I am not able to explain why I cannot let myself relax and truly believe I can reach her through any means, I sincerely tried the meditation above,and for brief moment I saw her running and smiling and so young I hardly recognized her,and at this time I began to get feverishly hot from inside out,but it passed within a minute or so. Then I had urge to write this email,again I apologize,its really really way too long! But I don’t feel any connection or peace,just heartache. She’s buried right beyond my kitchen window,but I refuse to go outside to visit her grave. Not yet at least. Even the curtains are drawn and I have made it clear they are to stay closed. How can I find peace and more importantly,how can I be sure she is happy,safe or anything at all?

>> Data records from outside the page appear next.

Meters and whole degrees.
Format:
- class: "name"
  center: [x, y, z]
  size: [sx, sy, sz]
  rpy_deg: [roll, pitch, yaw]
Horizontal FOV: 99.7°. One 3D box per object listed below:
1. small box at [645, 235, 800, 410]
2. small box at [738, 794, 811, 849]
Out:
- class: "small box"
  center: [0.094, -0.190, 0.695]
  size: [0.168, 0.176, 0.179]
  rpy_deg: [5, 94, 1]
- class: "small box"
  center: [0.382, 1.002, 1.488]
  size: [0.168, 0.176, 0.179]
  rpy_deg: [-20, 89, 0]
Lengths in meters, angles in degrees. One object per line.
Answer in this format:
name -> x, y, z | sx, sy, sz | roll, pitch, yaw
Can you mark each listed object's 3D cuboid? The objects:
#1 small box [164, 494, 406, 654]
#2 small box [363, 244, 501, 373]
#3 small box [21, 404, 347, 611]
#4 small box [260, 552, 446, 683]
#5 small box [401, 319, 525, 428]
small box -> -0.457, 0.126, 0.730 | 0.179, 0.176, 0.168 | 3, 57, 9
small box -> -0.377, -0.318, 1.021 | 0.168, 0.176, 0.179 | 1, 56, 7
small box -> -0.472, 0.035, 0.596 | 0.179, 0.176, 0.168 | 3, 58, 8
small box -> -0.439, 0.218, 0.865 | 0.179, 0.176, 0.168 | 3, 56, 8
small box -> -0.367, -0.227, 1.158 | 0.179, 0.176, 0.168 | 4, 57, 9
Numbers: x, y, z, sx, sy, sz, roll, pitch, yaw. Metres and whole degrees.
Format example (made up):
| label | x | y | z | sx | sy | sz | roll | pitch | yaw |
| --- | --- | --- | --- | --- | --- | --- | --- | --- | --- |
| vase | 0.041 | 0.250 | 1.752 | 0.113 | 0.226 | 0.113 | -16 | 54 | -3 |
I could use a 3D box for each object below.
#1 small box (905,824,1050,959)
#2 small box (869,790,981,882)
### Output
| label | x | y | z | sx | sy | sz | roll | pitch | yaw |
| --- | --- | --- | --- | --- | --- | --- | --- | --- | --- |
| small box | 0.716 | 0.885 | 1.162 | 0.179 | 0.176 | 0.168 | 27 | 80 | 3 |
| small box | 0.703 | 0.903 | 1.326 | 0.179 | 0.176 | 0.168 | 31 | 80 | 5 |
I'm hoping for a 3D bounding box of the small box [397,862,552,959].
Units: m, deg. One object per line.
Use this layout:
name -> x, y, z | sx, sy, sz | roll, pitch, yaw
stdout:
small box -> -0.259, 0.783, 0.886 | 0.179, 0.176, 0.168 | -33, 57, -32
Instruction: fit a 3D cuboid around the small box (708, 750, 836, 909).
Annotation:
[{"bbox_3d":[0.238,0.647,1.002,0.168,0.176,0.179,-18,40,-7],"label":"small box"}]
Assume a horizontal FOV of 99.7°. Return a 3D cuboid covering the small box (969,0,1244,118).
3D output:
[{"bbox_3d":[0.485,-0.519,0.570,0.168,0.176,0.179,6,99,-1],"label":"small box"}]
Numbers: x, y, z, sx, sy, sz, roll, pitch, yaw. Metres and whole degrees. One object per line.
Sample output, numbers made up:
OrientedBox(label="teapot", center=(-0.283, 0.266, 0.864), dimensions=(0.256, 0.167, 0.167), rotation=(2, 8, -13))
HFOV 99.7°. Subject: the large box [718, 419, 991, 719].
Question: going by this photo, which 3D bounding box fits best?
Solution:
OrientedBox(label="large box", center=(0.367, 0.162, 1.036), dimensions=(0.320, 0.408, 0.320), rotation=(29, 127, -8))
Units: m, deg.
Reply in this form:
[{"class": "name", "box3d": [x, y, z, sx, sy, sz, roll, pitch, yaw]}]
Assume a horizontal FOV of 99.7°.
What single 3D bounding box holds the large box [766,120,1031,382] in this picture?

I have never lost my Faith, I was raised by Christians,and I have whittled my own religious beliefs around theirs,but a bit more simplified version of God’s expectations,though still a Christian nonetheless. I have lost five of my dearest friends and family,within these past five years. My Faith never left me, I will admit I was confused and angry sometimes. So how can Sadie,a dog,a pet, cause me so much grief that I question God,and Heaven and our purpose? I begged for a sign or a miracle and finally for a chance to know she’s happy,not at peace,she deserves happy dammit. But nothing, so that must mean there’s nothing? This is it? I am in a dilemma,a catch 22,or whatever the saying is.. I must either believe God is so sure of himself that he ignores cries of his faithful believers to send a simple sign,and in return I get to go to Heaven and see my beloveds-assuming God has a place in Heaven for dogs,who knows?? Dogs are innocents,as are children,so it’s only fair,right? Now let’s see,that just leaves me one other choice,and if I refuse to believe God is so callous then it must mean there is no God,which means no Heaven and no reunion. No happy place for Sadie Rose. And finally, there is a God who can be merciful,to someone somewhere,and I have Faith this is all justifiable,shut out that voice in my head that says no way could I follow such a cruel deity,once again landing me nowhere near to Heaven and my loved ones. Guess I am lil tired, I am officially rambling. Just thought I would share with you the things that make me go hmm.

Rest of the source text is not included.